Data are summarized as frequencies, proportions, and percentages. Distributions are summarized with median (interquartile range [IQR]). Associations are presented as odds ratios (ORs) with 95% CI. For all analyses, p values of less than 0.05 were considered statistically significant. Given the exploratory nature of the analyses, we did not correct for multiple hypothesis tests.
RESULTS
A total of 365 patients (46.3% female, with median age 14.7 yr [IQR, 12.2–17.2 yr]) experienced 852 episodes of DKA, of which 18.5% (158/852) were newly diagnosed T1DM episodes. The median T1DM duration was 3.5 years (IQR, 1.1–5.3 yr) for patients with an established diagnosis of T1DM. Overall, 759 of 852 patients (89%) were conscious at presentation. One patient younger than 1 year old was excluded from subsequent analyses.
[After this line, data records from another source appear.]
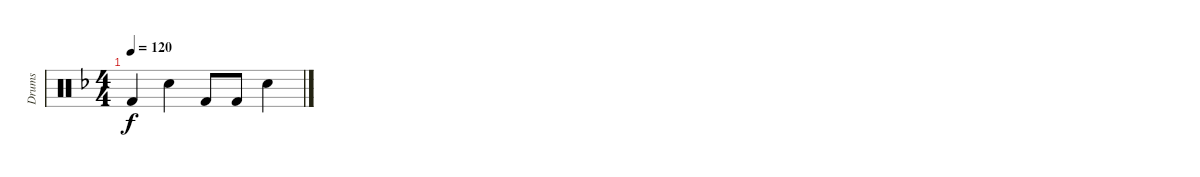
\track ("Drums" "Drums") {instrument percussion}
\staff {score}
\articulation defaults
\ts (4 4)
\tempo 120
\clef neutral
\ks f "Kick (hit) 2".4{dy f} "Snare (hit) 2".4 "Kick (hit) 2".8 "Kick (hit) 2".8 "Snare (hit) 2".4
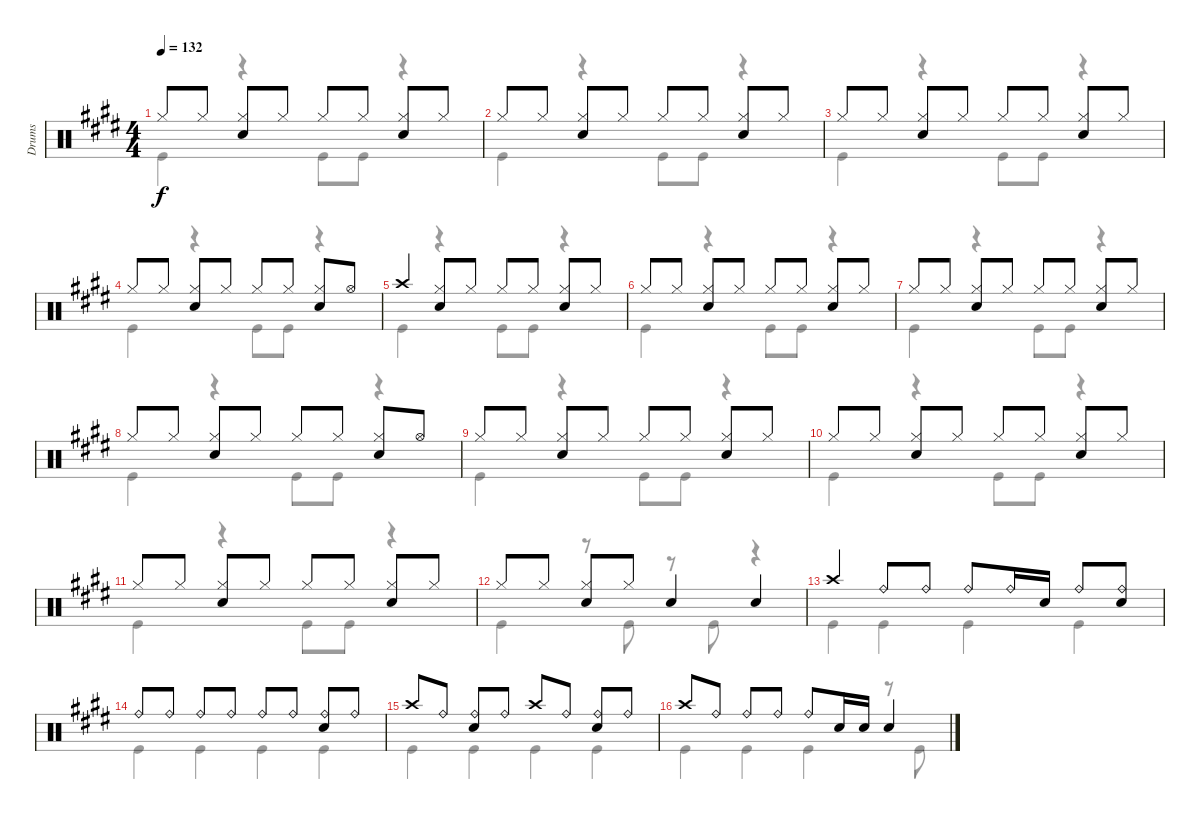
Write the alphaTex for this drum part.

\track ("Drums" "Drums") {instrument percussion}
\staff {score}
\articulation defaults
\voice
\ts (4 4)
\tempo 132
\clef neutral
\ks e "Hi-Hat (closed)".8{dy f} "Hi-Hat (closed)".8
("Hi-Hat (closed)" "Snare (hit) 2").8 "Hi-Hat (closed)".8 "Hi-Hat (closed)".8 "Hi-Hat (closed)".8 ("Hi-Hat (closed)" "Snare (hit) 2").8 "Hi-Hat (closed)".8 |
"Hi-Hat (closed)".8 "Hi-Hat (closed)".8 ("Hi-Hat (closed)" "Snare (hit) 2").8 "Hi-Hat (closed)".8 "Hi-Hat (closed)".8 "Hi-Hat (closed)".8 ("Hi-Hat (closed)" "Snare (hit) 2").8 "Hi-Hat (closed)".8 |
"Hi-Hat (closed)".8 "Hi-Hat (closed)".8 ("Hi-Hat (closed)" "Snare (hit) 2").8 "Hi-Hat (closed)".8 "Hi-Hat (closed)".8 "Hi-Hat (closed)".8 ("Hi-Hat (closed)" "Snare (hit) 2").8 "Hi-Hat (closed)".8 |
"Hi-Hat (closed)".8 "Hi-Hat (closed)".8 ("Hi-Hat (closed)" "Snare (hit) 2").8 "Hi-Hat (closed)".8 "Hi-Hat (closed)".8 "Hi-Hat (closed)".8 ("Hi-Hat (closed)" "Snare (hit) 2").8 "Hi-Hat (open)".8 |
"Crash high (hit)".4 ("Hi-Hat (closed)" "Snare (hit) 2").8 "Hi-Hat (closed)".8 "Hi-Hat (closed)".8 "Hi-Hat (closed)".8 ("Hi-Hat (closed)" "Snare (hit) 2").8 "Hi-Hat (closed)".8 |
"Hi-Hat (closed)".8 "Hi-Hat (closed)".8 ("Hi-Hat (closed)" "Snare (hit) 2").8 "Hi-Hat (closed)".8 "Hi-Hat (closed)".8 "Hi-Hat (closed)".8 ("Hi-Hat (closed)" "Snare (hit) 2").8 "Hi-Hat (closed)".8 |
"Hi-Hat (closed)".8 "Hi-Hat (closed)".8 ("Hi-Hat (closed)" "Snare (hit) 2").8 "Hi-Hat (closed)".8 "Hi-Hat (closed)".8 "Hi-Hat (closed)".8 ("Hi-Hat (closed)" "Snare (hit) 2").8 "Hi-Hat (closed)".8 |
"Hi-Hat (closed)".8 "Hi-Hat (closed)".8 ("Hi-Hat (closed)" "Snare (hit) 2").8 "Hi-Hat (closed)".8 "Hi-Hat (closed)".8 "Hi-Hat (closed)".8 ("Hi-Hat (closed)" "Snare (hit) 2").8 "Hi-Hat (open)".8 |
"Hi-Hat (closed)".8 "Hi-Hat (closed)".8 ("Hi-Hat (closed)" "Snare (hit) 2").8 "Hi-Hat (closed)".8 "Hi-Hat (closed)".8 "Hi-Hat (closed)".8 ("Hi-Hat (closed)" "Snare (hit) 2").8 "Hi-Hat (closed)".8 |
"Hi-Hat (closed)".8 "Hi-Hat (closed)".8 ("Hi-Hat (closed)" "Snare (hit) 2").8 "Hi-Hat (closed)".8 "Hi-Hat (closed)".8 "Hi-Hat (closed)".8 ("Hi-Hat (closed)" "Snare (hit) 2").8 "Hi-Hat (closed)".8 |
"Hi-Hat (closed)".8 "Hi-Hat (closed)".8 ("Hi-Hat (closed)" "Snare (hit) 2").8 "Hi-Hat (closed)".8 "Hi-Hat (closed)".8 "Hi-Hat (closed)".8 ("Hi-Hat (closed)" "Snare (hit) 2").8 "Hi-Hat (closed)".8 |
"Hi-Hat (closed)".8 "Hi-Hat (closed)".8 ("Hi-Hat (closed)" "Snare (hit) 2").8 "Hi-Hat (closed)".8 "Snare (hit) 2".4 "Snare (hit) 2".4 |
"Crash high (hit)".4 "Ride (bell)".8 "Ride (bell)".8 "Ride (bell)".8 "Ride (bell)".16 "Snare (hit) 2".16 "Ride (bell)".8 ("Ride (bell)" "Snare (hit) 2").8 |
"Ride (bell)".8 "Ride (bell)".8 "Ride (bell)".8 "Ride (bell)".8 "Ride (bell)".8 "Ride (bell)".8 ("Ride (bell)" "Snare (hit) 2").8 "Ride (bell)".8 |
"Crash high (hit)".8 "Ride (bell)".8 ("Ride (bell)" "Snare (hit) 2").8 "Ride (bell)".8 "Crash high (hit)".8 "Ride (bell)".8 ("Ride (bell)" "Snare (hit) 2").8 "Ride (bell)".8 |
"Crash high (hit)".8 "Ride (bell)".8 "Ride (bell)".8 "Ride (bell)".8 "Ride (bell)".8 "Snare (hit) 2".16 "Snare (hit) 2".16 "Snare (hit) 2".4
\voice
\clef neutral
\ottava regular
\simile none
\ks e "Kick (hit)".4{dy f}
r.4 "Kick (hit)".8 "Kick (hit)".8 r.4 |
"Kick (hit)".4 r.4 "Kick (hit)".8 "Kick (hit)".8 r.4 |
"Kick (hit)".4 r.4 "Kick (hit)".8 "Kick (hit)".8 r.4 |
"Kick (hit)".4 r.4 "Kick (hit)".8 "Kick (hit)".8 r.4 |
"Kick (hit)".4 r.4 "Kick (hit)".8 "Kick (hit)".8 r.4 |
"Kick (hit)".4 r.4 "Kick (hit)".8 "Kick (hit)".8 r.4 |
"Kick (hit)".4 r.4 "Kick (hit)".8 "Kick (hit)".8 r.4 |
"Kick (hit)".4 r.4 "Kick (hit)".8 "Kick (hit)".8 r.4 |
"Kick (hit)".4 r.4 "Kick (hit)".8 "Kick (hit)".8 r.4 |
"Kick (hit)".4 r.4 "Kick (hit)".8 "Kick (hit)".8 r.4 |
"Kick (hit)".4 r.4 "Kick (hit)".8 "Kick (hit)".8 r.4 |
"Kick (hit)".4 r.8 "Kick (hit)".8 r.8 "Kick (hit)".8 r.4 |
"Kick (hit)".4 "Kick (hit)".4 "Kick (hit)".4 "Kick (hit)".4 |
"Kick (hit)".4 "Kick (hit)".4 "Kick (hit)".4 "Kick (hit)".4 |
"Kick (hit)".4 "Kick (hit)".4 "Kick (hit)".4 "Kick (hit)".4 |
"Kick (hit)".4 "Kick (hit)".4 "Kick (hit)".4 r.8 "Kick (hit)".8

The initial median biochemical parameters of all 852 episodes were as follows: pH 7.2 (IQR, 7.1–7.3), blood glucose 467 mg/dL (IQR, 345–600 mg/dL), sodium 135 mEq/L (IQR, 132–138 mEq/L), potassium 4.9 mEq/L (IQR, 4.4–5.4 mEq/L), bicarbonate 11.0 mEq/L (IQR, 7.0–16.0 mEq/L), blood urea nitrogen 18.0 mg/dL (IQR, 14.0–23.0 mg/dL), creatinine 1.1 mg/dL (IQR, 0.9–1.4 mg/dL), and serum magnesium 2.1 mg/dL (IQR, 1.9–2.4 mg/dL) (Supplemental Table 1, http://links.lww.com/PCC/C560). The most recent median glycohemoglobin measurement was 12.1% (IQR, 10.7–13.7%), with 40 of 851 episodes (4.7%) associated with normal glycohemoglobin.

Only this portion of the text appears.